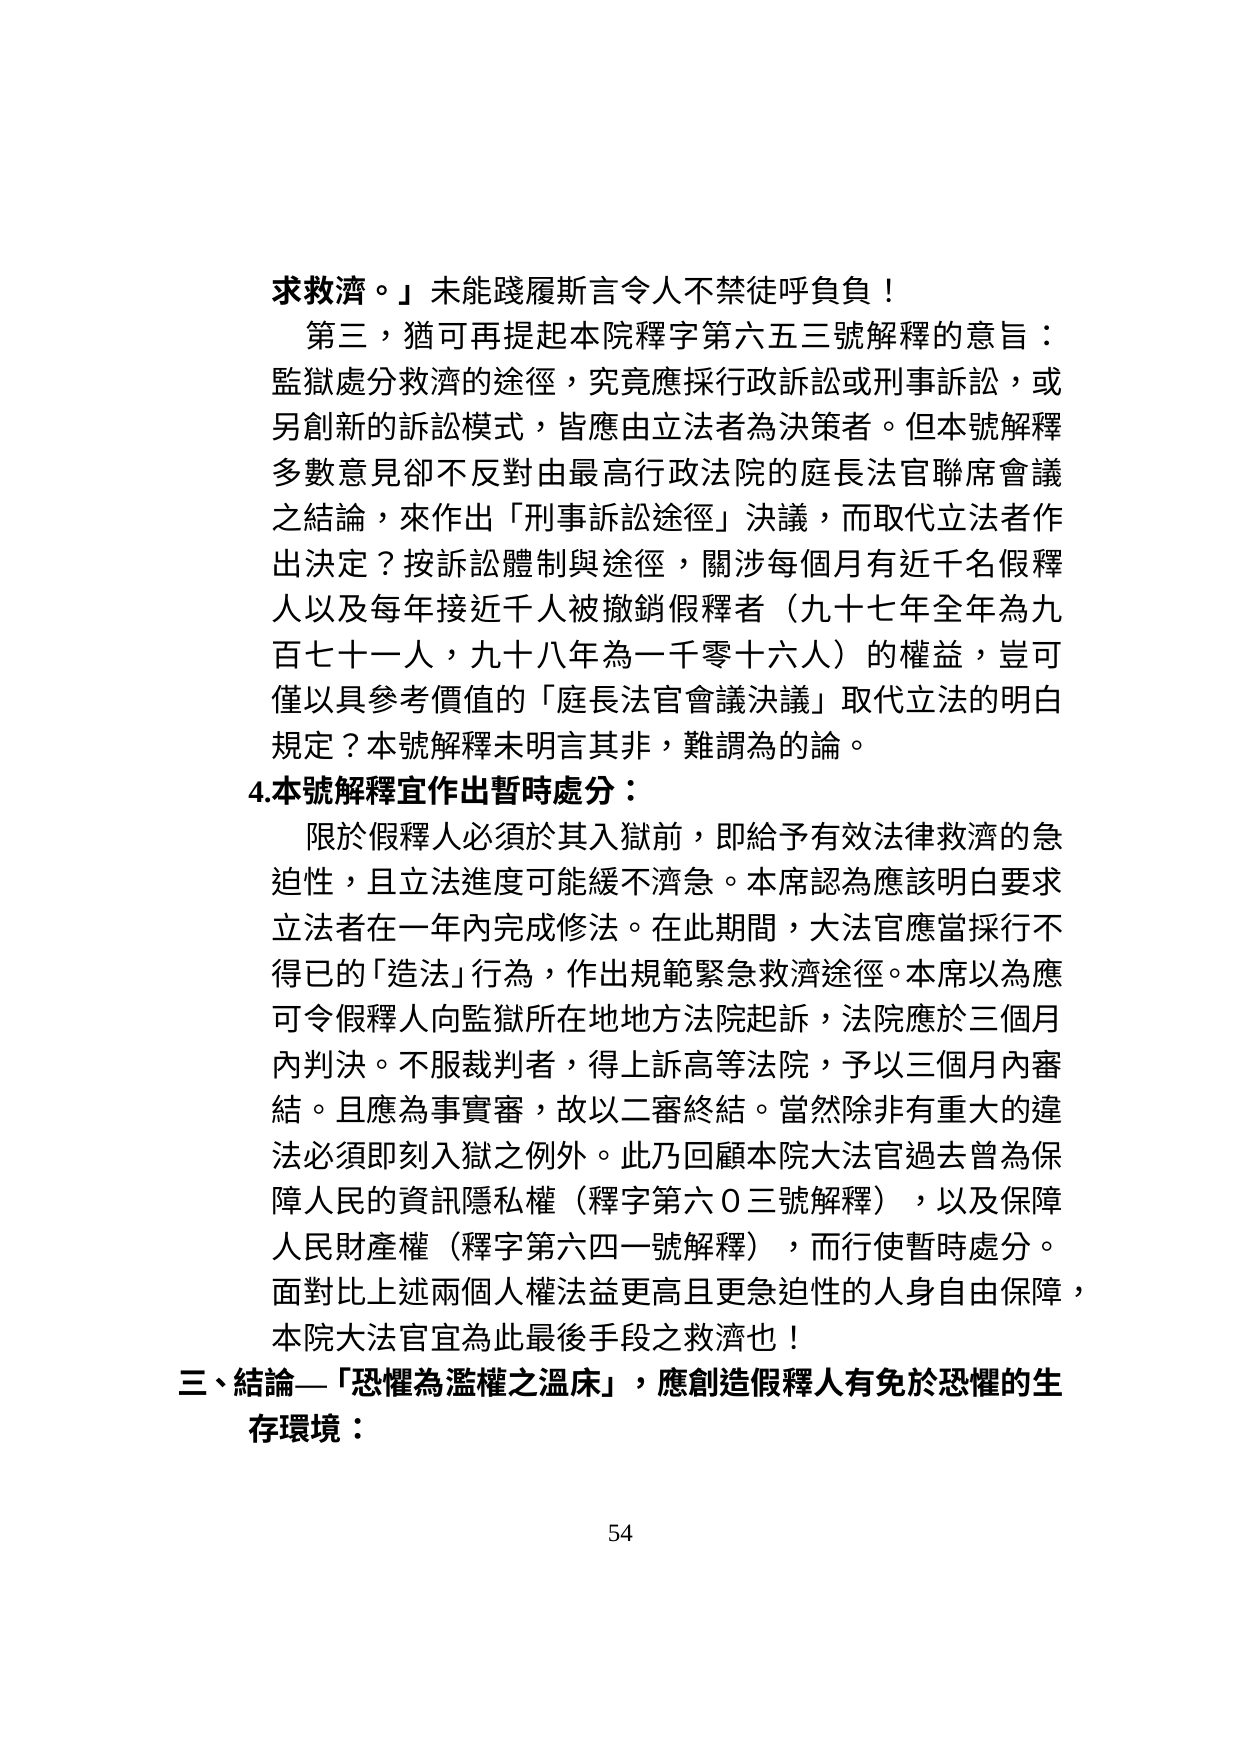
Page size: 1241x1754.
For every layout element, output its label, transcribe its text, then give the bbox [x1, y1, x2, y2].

text 三、結論—「恐懼為濫權之溫床」，應創造假釋人有免於恐懼的生存環境： [177, 1358, 1063, 1449]
text 4.本號解釋宜作出暫時處分： [248, 767, 1063, 812]
text 求救濟。」未能踐履斯言令人不禁徒呼負負！ [272, 266, 1063, 311]
text 限於假釋人必須於其入獄前，即給予有效法律救濟的急迫性，且立法進度可能緩不濟急。本席認為應該明白要求立法者在一年內完成修法。在此期間，大法官應當採行不得已的「造法」行為，作出規範緊急救濟途徑。本席以為應可令假釋人向監獄所在地地方法院起訴，法院應於三個月內判決。不服裁判者，得上訴高等法院，予以三個月內審結。且應為事實審，故以二審終結。當然除非有重大的違法必須即刻入獄之例外。此乃回顧本院大法官過去曾為保障人民的資訊隱私權（釋字第六０三號解釋），以及保障人民財產權（釋字第六四一號解釋），而行使暫時處分。面對比上述兩個人權法益更高且更急迫性的人身自由保障，本院大法官宜為此最後手段之救濟也！ [272, 812, 1063, 1358]
text 第三，猶可再提起本院釋字第六五三號解釋的意旨：監獄處分救濟的途徑，究竟應採行政訴訟或刑事訴訟，或另創新的訴訟模式，皆應由立法者為決策者。但本號解釋多數意見卻不反對由最高行政法院的庭長法官聯席會議之結論，來作出「刑事訴訟途徑」決議，而取代立法者作出決定？按訴訟體制與途徑，關涉每個月有近千名假釋人以及每年接近千人被撤銷假釋者（九十七年全年為九百七十一人，九十八年為一千零十六人）的權益，豈可僅以具參考價值的「庭長法官會議決議」取代立法的明白規定？本號解釋未明言其非，難謂為的論。 [272, 311, 1063, 767]

━━━━━━

— To do —
All lines from the start of the entries through the one with "text 4.本號解釋宜作出暫時處分： [248, 767, 1063, 812]" are to be output exactly; omit the pictures.

— Solution below —
Page size: 1241x1754.
For every layout element, output its label, transcribe its text, then give the bbox [x1, y1, x2, y2].

text 三、結論—「恐懼為濫權之溫床」，應創造假釋人有免於恐懼的生存環境： [177, 1358, 1063, 1449]
text 4.本號解釋宜作出暫時處分： [248, 767, 1063, 812]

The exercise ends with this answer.